Transforming Energy Systems: How E-STATCOMs Are Stabilizing Low-Inertia Power Grids

Whether it’s called a transition or a transformation, the world’s power system is changing as the generation mix changes. Large fossil-fuel power plants are being replaced by inverter-based renewables. The International Energy Agency estimates that 36% of the world’s electricity will be generated by renewable energy sources in 2026 whereas coal is expected to drop to 32%.  The U.S. Energy Information Administration reported that overall, renewables made up about 26% of U.S. generation in 2025 and coal only 15% of the generation mix. One more statistic from Wood Mackenzie, a research company, and we’ll move on: It estimates that over the next decade, there will be US$5 trillion of renewable capacity additions made to the global grid.
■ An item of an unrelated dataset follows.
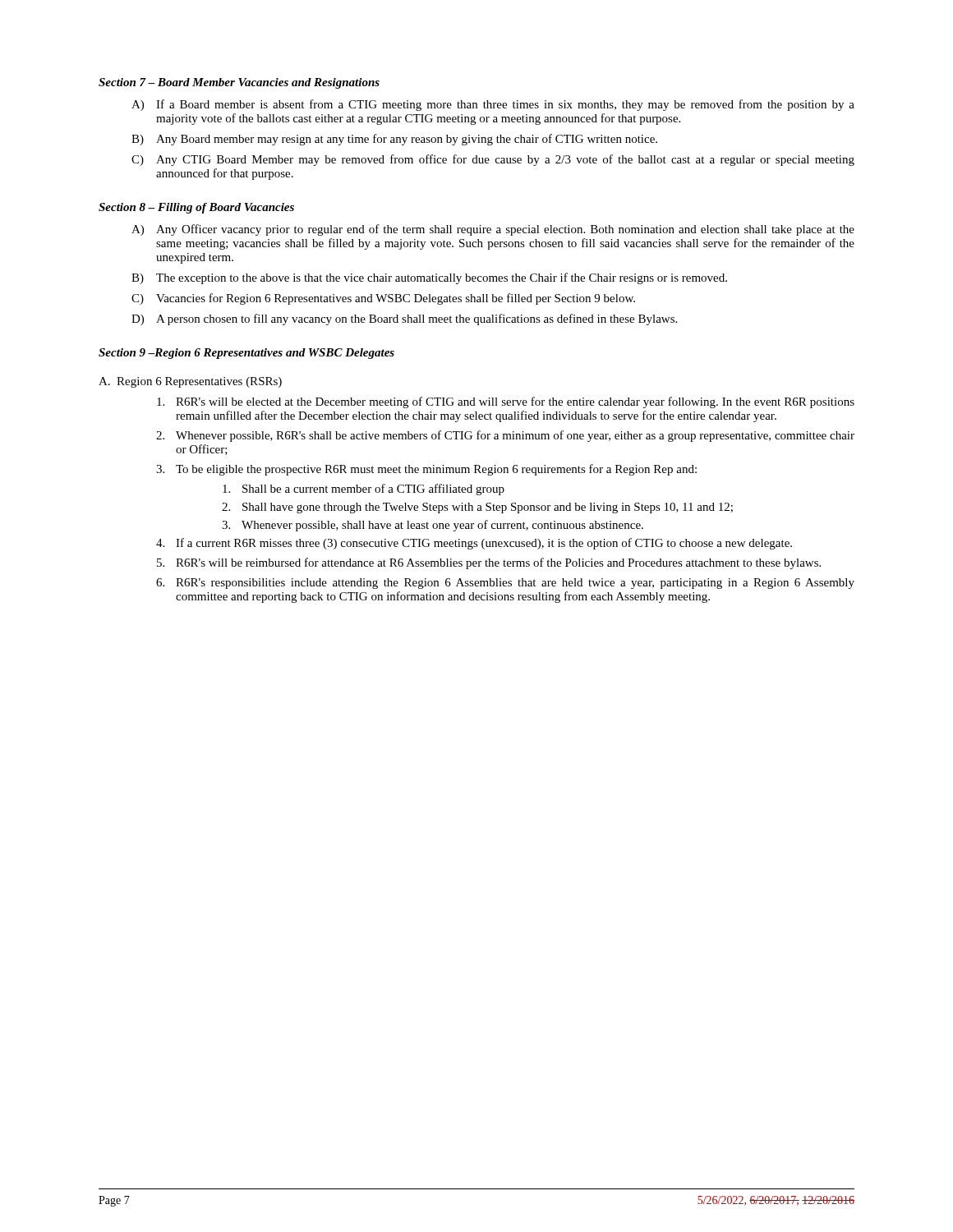Find the region starting "3. Whenever possible, shall have"
Image resolution: width=953 pixels, height=1232 pixels.
tap(538, 525)

The bottom line here — that’s a lot of renewables expected, and it will dominate the global power grid. Remember Newton’s third law of motion? It says for every action there’s an equal and opposite reaction. Well, it applies here. With the increase of inverter-based renewables, conventional synchronous generators are being removed. This is where the third law comes in. Those behemoths of synchronous generation create rotational kinetic energy, more commonly known as grid inertia. It wouldn’t be a big deal if renewables weren’t intermittent or could supply physical inertia, but that’s not the case.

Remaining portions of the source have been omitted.